# RPM Challenge 2008



## Guest (Feb 9, 2008)

Anyone else having a stab at this? It's actually my second year attempting it. Didn't finish last year  But I'm just over 10 minutes in this year so there's hope plus: we get an extra day.

You can check out the challenge here: http://www.rpmchallenge.com/

And my completed tracks are here: http://www.rpmchallenge.com/component/option,com_comprofiler/Itemid,296/


----------



## Guest (Feb 19, 2008)

Past the half way mark. No other GC forumites doing the challenge? I put the finishing touches on track four today, Blossom. My wife took the baby out for the afternoon so I'd have a little time to record without using headphones. Very nice change. I think the last link I posted to my tracks may have been wrong, so here they are on my own site:

http://ian.coastpedalboards.com/index.php?option=com_content&task=blogcategory&id=26&Itemid=35


----------



## Vincent (Nov 24, 2007)

Looks interesting...does it matter what type of music people play...just wondering...I also like that site you have your tunes on...did you do that yourself and if so how do you get themp3's to play on your site...Im building my own site however Ive searched around for players to put on site however I like how yours is done...nice recordings as well.

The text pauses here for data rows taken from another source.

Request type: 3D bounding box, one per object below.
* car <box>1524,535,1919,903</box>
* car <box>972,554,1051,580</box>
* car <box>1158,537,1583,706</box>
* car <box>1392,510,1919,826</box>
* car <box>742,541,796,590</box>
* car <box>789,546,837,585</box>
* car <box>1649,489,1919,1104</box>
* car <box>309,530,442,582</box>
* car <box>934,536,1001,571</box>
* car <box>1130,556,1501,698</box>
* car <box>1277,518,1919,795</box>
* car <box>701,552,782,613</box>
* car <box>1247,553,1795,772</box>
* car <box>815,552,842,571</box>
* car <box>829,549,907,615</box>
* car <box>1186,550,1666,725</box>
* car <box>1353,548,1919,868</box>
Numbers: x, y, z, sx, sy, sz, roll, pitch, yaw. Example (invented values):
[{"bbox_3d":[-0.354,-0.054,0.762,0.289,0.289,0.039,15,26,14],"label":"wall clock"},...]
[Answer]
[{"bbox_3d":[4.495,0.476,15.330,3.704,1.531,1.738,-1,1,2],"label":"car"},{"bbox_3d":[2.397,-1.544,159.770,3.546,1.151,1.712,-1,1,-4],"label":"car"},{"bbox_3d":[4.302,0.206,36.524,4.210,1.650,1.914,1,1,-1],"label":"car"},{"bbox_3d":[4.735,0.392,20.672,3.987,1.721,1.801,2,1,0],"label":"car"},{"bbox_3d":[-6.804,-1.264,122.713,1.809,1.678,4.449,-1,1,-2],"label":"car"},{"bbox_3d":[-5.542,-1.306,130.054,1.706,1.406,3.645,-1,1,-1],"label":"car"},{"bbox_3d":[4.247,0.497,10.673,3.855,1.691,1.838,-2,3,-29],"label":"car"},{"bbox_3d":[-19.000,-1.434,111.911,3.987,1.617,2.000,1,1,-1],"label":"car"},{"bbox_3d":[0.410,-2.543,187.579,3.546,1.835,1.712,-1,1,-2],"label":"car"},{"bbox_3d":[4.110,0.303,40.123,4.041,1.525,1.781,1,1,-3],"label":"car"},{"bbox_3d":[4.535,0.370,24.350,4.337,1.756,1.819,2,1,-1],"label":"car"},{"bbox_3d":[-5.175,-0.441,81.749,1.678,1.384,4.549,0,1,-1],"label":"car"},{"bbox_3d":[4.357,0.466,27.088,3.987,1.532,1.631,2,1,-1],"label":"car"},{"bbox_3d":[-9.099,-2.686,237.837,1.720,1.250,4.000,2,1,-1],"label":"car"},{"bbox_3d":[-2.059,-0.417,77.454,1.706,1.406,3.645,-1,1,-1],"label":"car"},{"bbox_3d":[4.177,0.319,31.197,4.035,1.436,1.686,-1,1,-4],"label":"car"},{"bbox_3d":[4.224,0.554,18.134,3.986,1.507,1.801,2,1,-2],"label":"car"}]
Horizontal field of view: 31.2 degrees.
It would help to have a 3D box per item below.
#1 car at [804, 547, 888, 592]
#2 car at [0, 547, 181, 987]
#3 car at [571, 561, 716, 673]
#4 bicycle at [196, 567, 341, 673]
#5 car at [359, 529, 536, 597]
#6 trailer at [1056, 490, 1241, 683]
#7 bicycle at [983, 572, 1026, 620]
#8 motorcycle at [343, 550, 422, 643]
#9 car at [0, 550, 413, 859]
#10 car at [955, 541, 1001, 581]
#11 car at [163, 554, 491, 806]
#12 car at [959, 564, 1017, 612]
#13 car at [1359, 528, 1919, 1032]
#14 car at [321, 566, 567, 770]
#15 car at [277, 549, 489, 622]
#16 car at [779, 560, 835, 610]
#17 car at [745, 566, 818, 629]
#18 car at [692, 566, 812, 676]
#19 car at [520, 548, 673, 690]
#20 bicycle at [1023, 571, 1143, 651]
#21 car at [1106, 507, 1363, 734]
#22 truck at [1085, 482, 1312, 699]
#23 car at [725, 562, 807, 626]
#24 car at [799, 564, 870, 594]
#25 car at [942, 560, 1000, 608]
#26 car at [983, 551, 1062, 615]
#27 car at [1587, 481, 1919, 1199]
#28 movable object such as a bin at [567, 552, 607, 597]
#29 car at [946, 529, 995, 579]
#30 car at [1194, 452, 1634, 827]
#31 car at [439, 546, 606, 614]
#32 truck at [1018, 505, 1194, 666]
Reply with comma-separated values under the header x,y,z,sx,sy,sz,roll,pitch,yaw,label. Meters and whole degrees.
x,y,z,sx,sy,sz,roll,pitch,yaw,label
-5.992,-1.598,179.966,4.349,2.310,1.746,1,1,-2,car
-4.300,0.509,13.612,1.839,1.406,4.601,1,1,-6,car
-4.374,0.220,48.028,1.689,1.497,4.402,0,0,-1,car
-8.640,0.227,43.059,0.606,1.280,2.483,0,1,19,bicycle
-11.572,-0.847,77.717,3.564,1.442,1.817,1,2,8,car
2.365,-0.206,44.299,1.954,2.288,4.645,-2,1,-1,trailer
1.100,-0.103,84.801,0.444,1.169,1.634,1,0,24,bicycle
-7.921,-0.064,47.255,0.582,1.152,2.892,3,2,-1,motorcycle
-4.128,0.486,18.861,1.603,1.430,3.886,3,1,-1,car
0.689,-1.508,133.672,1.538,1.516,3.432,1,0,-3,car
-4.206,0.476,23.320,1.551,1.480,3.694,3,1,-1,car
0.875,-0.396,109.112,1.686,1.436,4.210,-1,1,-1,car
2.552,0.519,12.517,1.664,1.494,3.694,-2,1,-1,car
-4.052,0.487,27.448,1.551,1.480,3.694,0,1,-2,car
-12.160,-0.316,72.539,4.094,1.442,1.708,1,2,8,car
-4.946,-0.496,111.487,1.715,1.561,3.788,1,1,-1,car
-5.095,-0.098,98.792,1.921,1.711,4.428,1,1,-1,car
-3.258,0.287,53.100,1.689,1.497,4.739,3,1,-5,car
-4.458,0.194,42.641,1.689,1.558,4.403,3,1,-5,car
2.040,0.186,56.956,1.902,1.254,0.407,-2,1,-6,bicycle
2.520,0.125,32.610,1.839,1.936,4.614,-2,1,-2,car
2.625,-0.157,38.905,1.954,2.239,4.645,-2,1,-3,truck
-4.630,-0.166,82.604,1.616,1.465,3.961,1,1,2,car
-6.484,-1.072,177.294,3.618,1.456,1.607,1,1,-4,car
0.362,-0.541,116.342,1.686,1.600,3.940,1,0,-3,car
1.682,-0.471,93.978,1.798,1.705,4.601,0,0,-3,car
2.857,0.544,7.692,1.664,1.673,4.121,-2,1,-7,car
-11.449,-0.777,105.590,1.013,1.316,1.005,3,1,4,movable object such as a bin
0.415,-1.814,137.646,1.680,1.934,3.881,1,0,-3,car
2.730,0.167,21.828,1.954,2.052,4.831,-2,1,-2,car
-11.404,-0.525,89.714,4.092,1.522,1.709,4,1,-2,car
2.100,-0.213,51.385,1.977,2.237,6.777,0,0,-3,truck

Im using mp3.com to post my stuff however I find that site a bit slow.

Ive written 3 or 4 songs so far this month however "Way It Goes" Is my latest and probably my best so far...kind of new to recording and have a lot to learn.

My Tunes
http://www.mp3.com/artist/travelers-tale/summary/?tag=login;myartists;1


----------



## Guest (Feb 19, 2008)

Vincent said:


> Looks interesting...does it matter what type of music people play


Doesn't matter one bit at all. You want to write a one note sonata: go right ahead. A old tyme rag: it's on. A ten penny opera: go for it! An entire album of surf times: ride the wave of creation. It's not a competition. There's no judging at the end. No prizes given out. Nada. It's just about creating an album. Your album. All that matters is the songs are previously unreleased (as in not covers of other people's tunes or previously released works you've recorded for labels).

You can use old stuff if you like. The contest encourages you to use stuff you've written in the month, but whatever. No one is judging you. (I actually polished off that disaster fuzz clip and am leading off my album with it)



> I also like that site you have your tunes on...did you do that yourself and if so how do you get themp3's to play on your site


Thanks. Yes, I run my own site. The main Coast Pedal Boards site is all hand written (Dreamweaver templates actually) PHP I maintain, but my personal side to the site is run with Joomla! -- a very nice CMS. The MP3s are streamed using the excellent Mini MP3 Mambot for Joomla. I just noticed v2.2 is out...I'll have to upgrade. I'm still running 1.somethingorother!



> Im building my own site however Ive searched around for players to put on site however I like how yours is done


Thanks. I can't remember where I got the Joomla template from. I didn't create it from scratch. It was a prefab I tweaked. I actually don't much like it. It's about to be replaced. The nice thing about Joomla (or any CRM really) is it separate the content from the template very cleanly. So you can update the look and feel of the site without a lot of effort. I used http://ian.coastpedalboards.com/ as a learning site. I needed to figure out a way to get the guys from The Apollo Effect off of my hand-maintained HTML and PHP and on to something they could keep up-to-date without me being involved. Joomla has worked out really well for them and me.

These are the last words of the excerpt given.